To begin working with Microsoft Presidio, we conducted research using online resources to understand its functionality and solutions. Presidio is designed to identify private information within a dataset and replace it with anonymized values, ensuring data privacy.
For this exercise, we created sample text containing various types of Personally Identifiable Information (PII) and employed the `analyze` method of `AnalyzerEngine` to identify these PII entities, specifying the desired types.
Presidio's capabilities include identifying various formats for each type of PII and providing the chart where these fields start and end within the text. We defined the PII fields for replacement and specified the anonymized values. In our case, each detected PII entity was replaced with the placeholder `<ANONYMIZED>`.
We also examined Presidio's ability to handle different formats for each field, ensuring accurate identification and anonymization. For example, Presidio effectively anonymized dates in formats like "dd/mm/yyyy" or "July 15, 2024, at 2:30 PM." However, since the date represented the time of the conversation and was not private information, we retained the original value.

The final output consists of the original text and the anonymized text, with all detected PII elements replaced with `<ANONYMIZED>`. This demonstrates Presidio's capability to detect and anonymize a wide range of PII entities in a customizable manner, ensuring the safeguarding of sensitive information, ensuring sensitive information is safeguarded.

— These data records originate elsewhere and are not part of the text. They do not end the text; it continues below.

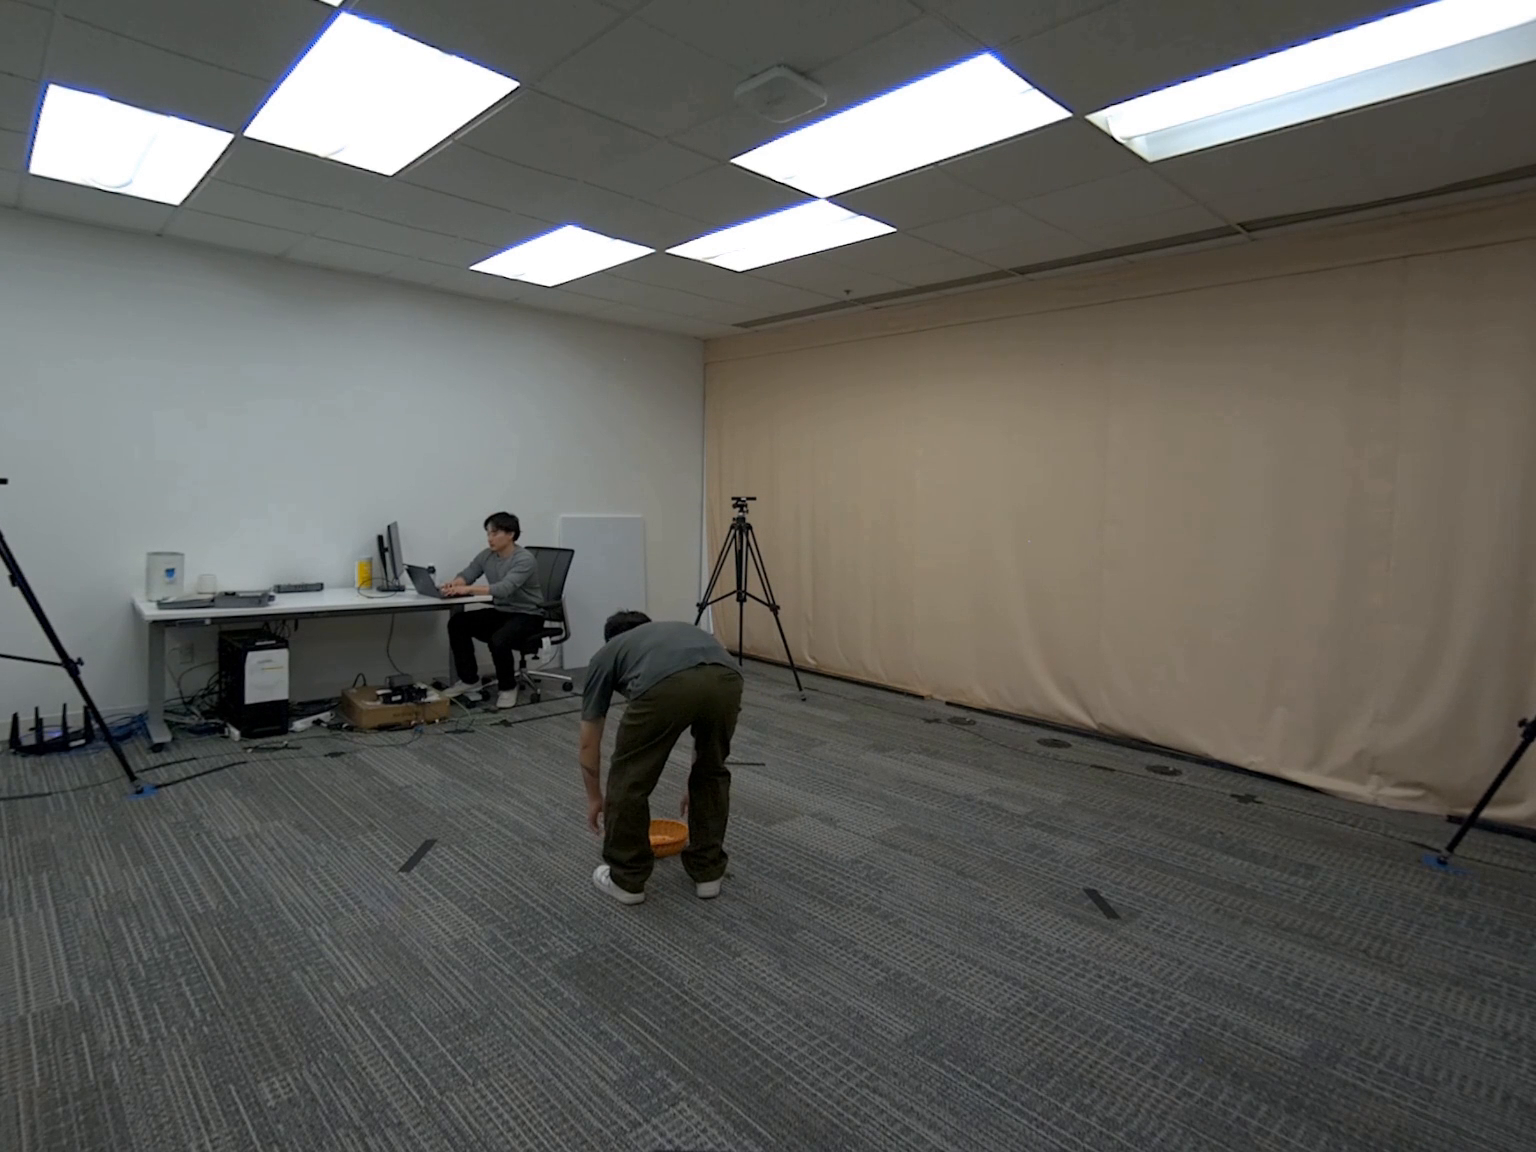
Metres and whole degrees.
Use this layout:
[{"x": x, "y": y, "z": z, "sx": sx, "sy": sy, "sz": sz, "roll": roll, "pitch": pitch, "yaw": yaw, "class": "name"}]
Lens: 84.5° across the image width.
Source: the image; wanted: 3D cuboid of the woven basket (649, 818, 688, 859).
[{"x": -0.481, "y": 1.039, "z": 3.327, "sx": 0.345, "sy": 0.073, "sz": 0.257, "roll": -1, "pitch": 5, "yaw": -21, "class": "woven basket"}]
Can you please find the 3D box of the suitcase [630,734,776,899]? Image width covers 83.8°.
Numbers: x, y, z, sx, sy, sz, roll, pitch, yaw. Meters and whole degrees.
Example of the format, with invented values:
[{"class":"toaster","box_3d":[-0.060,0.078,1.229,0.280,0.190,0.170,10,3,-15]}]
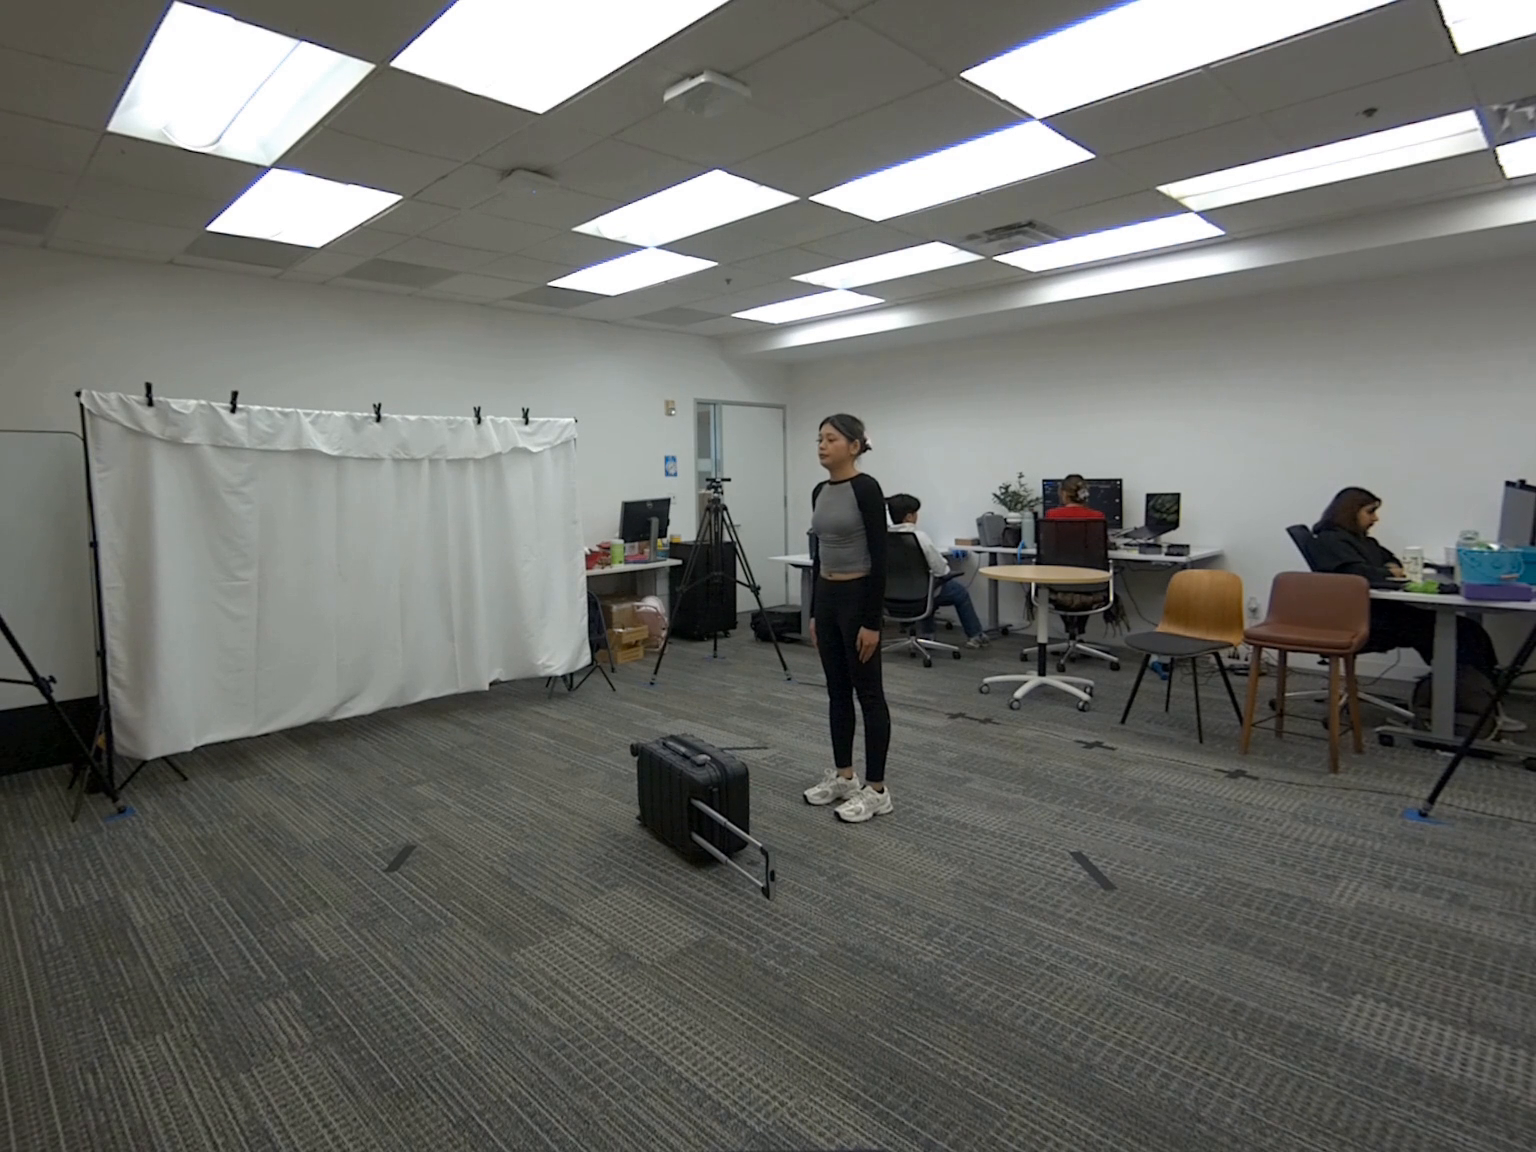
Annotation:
[{"class":"suitcase","box_3d":[-0.174,0.854,3.109,0.251,0.382,1.007,-4,6,-33]}]

## Python code customized with Presidio

In [3]:
from presidio_analyzer import AnalyzerEngine
from presidio_anonymizer import AnonymizerEngine
from presidio_anonymizer.entities import OperatorConfig

Define Analyzer & Anonymizer

In [4]:
analyzer = AnalyzerEngine()
anonymize = AnonymizerEngine()

A dataset structured according to entities supported by the library, as documented- https://microsoft.github.io/presidio/supported_entities/

In [None]:
text = "In addressing the legalities of data protection, John shared his personal information to illustrate the importance of privacy laws. He mentioned, 'My phone number, 123-456-7890, and my email, john.doe@example.com, are sensitive pieces of information that need safeguarding.' Furthermore, he emphasized, 'Even my bank account number, GB82WEST12345698765432, is at risk if not properly protected.' Call details: Tel Aviv, 0.0.0.0, July 15, 2024, at 2:30 PM"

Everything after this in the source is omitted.